TASK PROMPT =>
Keep only those lines of the records that include the string "values".

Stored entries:
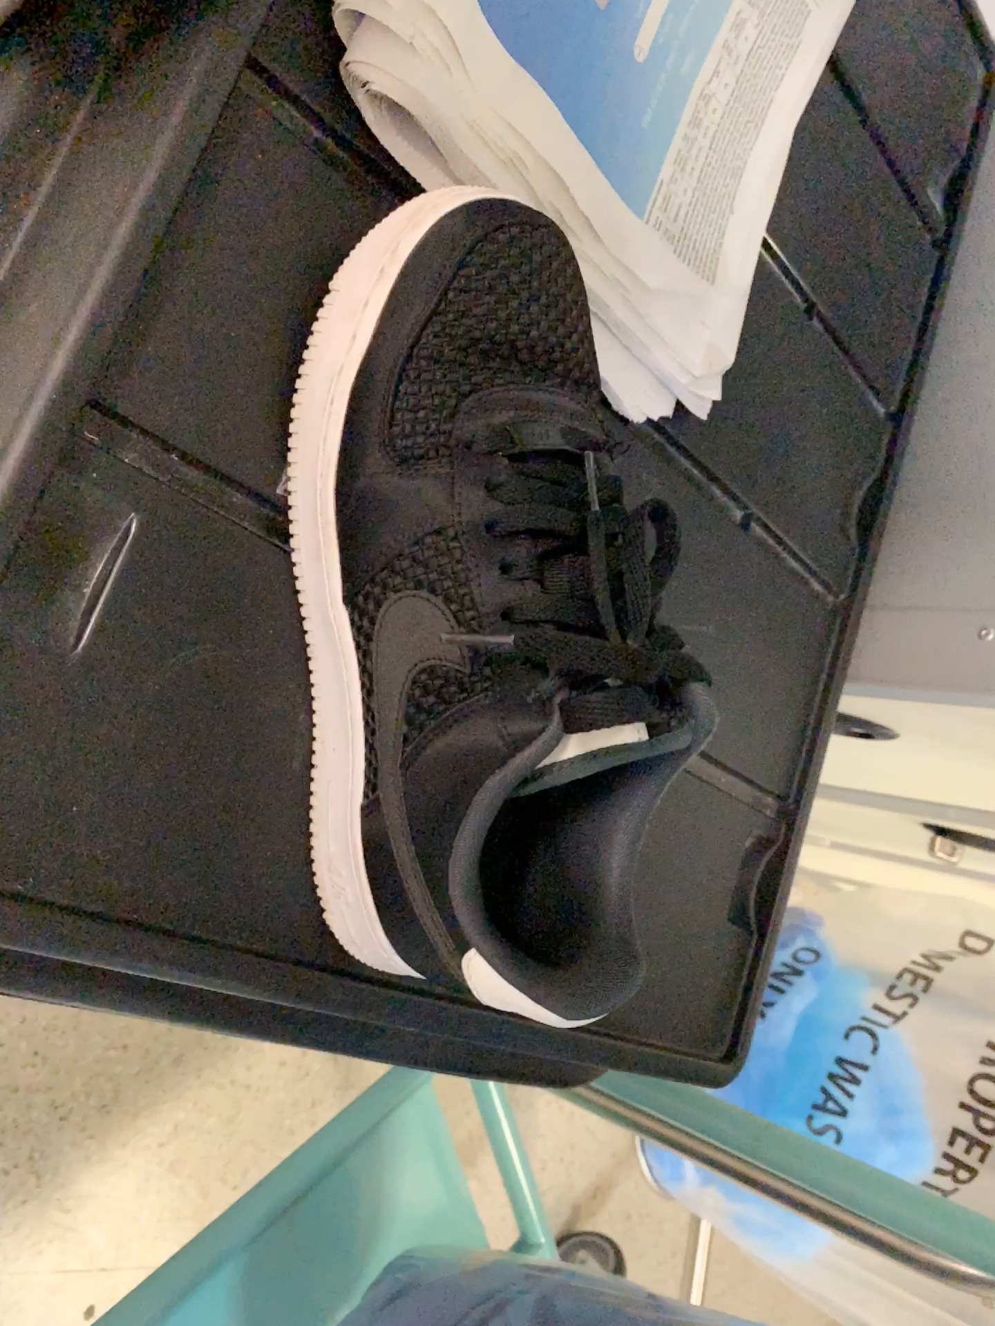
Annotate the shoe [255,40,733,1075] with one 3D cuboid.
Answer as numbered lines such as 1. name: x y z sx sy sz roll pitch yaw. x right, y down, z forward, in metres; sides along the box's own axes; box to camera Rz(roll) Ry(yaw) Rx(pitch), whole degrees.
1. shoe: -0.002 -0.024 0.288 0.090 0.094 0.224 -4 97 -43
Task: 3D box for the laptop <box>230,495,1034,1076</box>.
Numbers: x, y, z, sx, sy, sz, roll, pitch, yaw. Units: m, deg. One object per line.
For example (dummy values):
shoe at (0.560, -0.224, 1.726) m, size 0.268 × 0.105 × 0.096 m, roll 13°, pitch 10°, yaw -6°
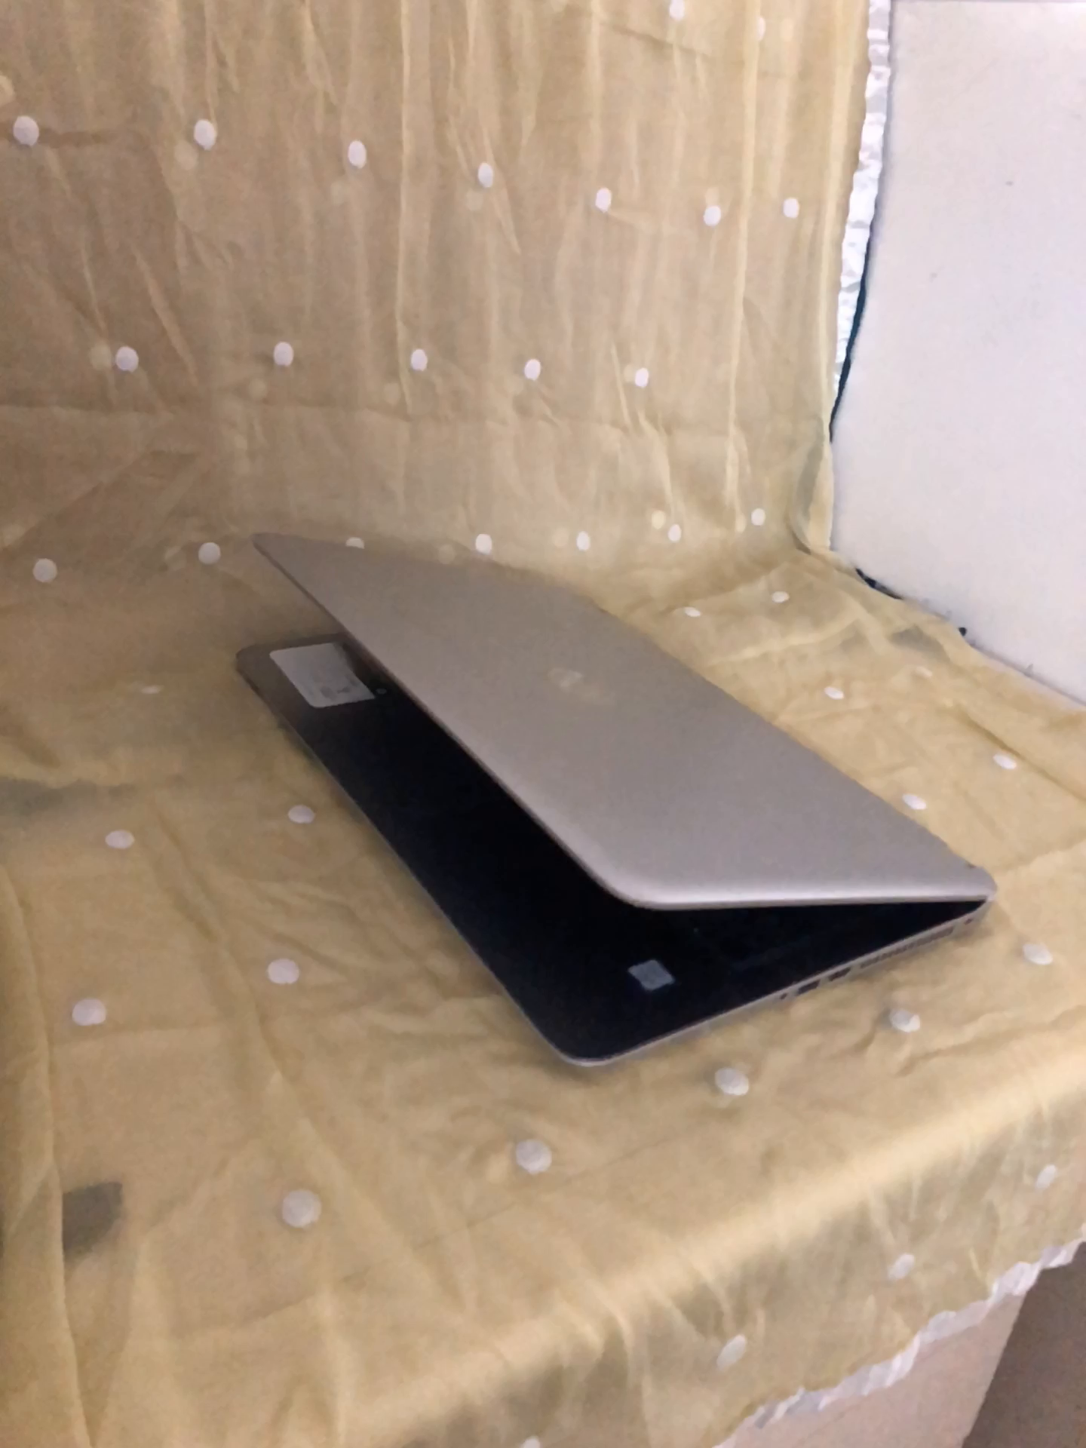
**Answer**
---
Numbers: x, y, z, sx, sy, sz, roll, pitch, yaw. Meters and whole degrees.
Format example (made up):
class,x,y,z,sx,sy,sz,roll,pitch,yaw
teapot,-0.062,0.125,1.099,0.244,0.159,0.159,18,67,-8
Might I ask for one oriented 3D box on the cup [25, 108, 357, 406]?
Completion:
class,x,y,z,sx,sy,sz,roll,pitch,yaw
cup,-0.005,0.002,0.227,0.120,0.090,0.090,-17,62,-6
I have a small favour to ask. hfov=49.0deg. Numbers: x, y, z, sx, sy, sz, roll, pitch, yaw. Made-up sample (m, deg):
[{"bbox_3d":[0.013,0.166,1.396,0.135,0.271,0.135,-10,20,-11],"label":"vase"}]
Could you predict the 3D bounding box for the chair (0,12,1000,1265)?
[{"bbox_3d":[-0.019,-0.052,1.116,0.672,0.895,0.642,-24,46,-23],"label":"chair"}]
==
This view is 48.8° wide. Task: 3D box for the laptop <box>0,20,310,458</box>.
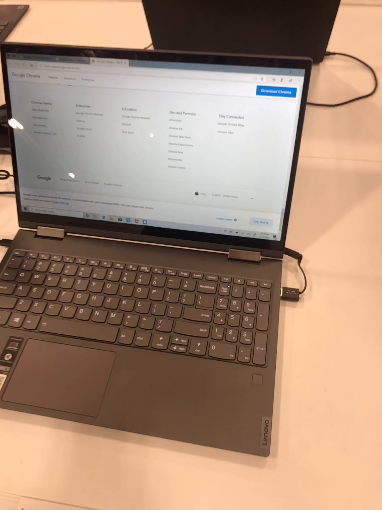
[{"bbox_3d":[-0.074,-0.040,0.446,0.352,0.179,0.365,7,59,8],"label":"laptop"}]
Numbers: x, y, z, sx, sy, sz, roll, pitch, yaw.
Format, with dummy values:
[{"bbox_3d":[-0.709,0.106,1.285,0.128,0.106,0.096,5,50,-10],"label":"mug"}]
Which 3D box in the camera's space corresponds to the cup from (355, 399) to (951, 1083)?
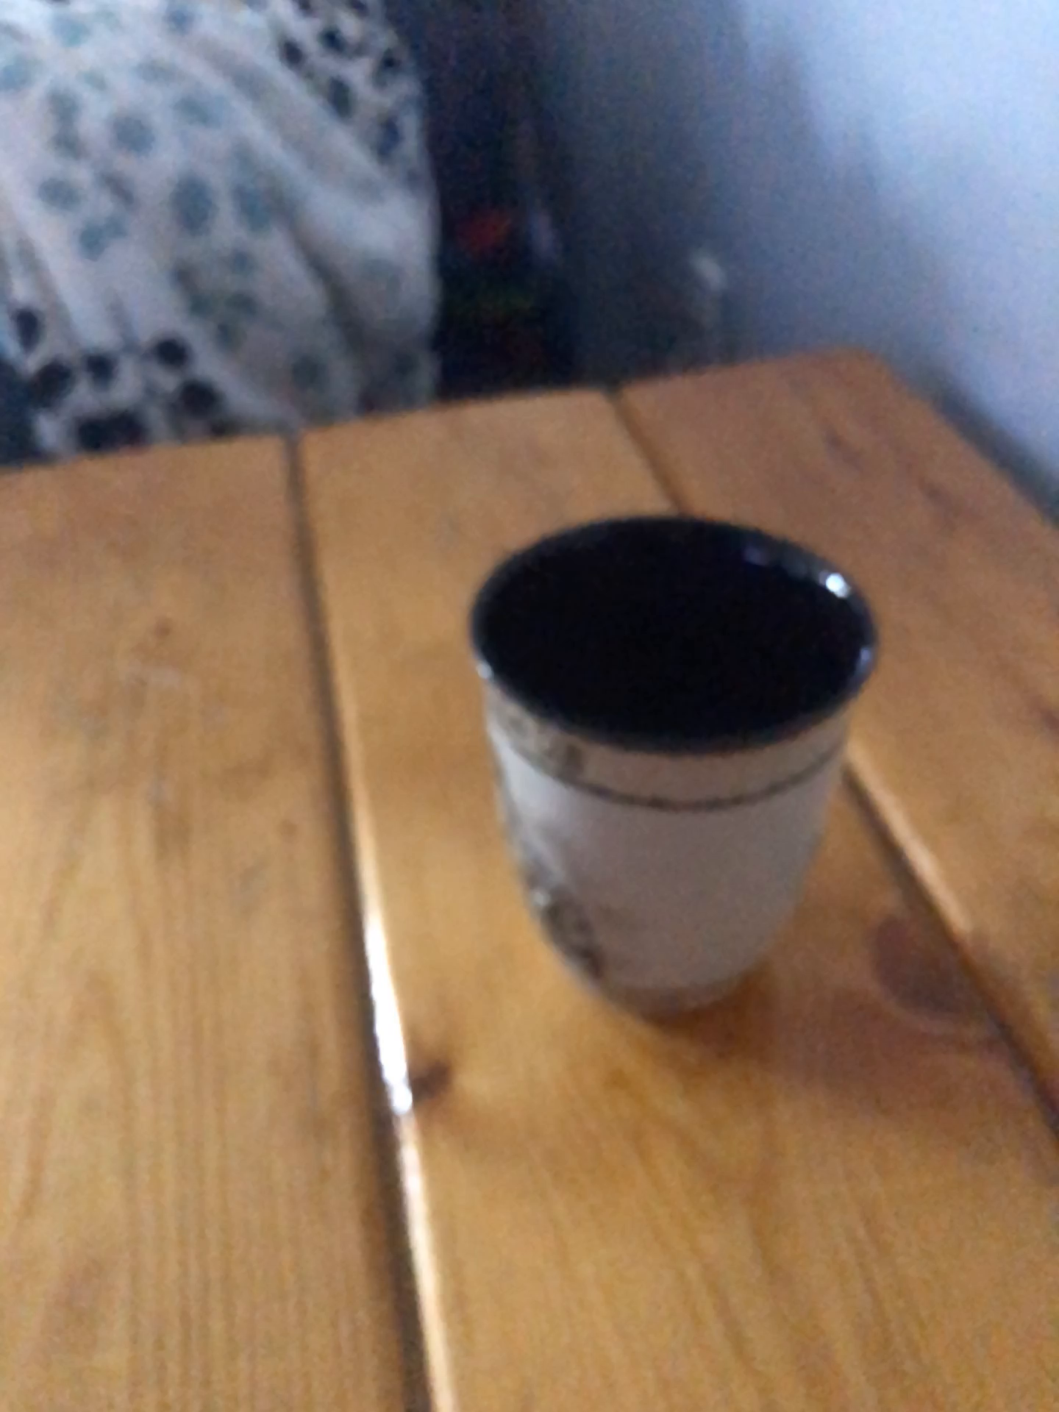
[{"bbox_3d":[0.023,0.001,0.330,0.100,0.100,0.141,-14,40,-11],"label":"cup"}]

RESULT OF THIS EXERCISE =>
For example (dummy values):
Format, with dummy values:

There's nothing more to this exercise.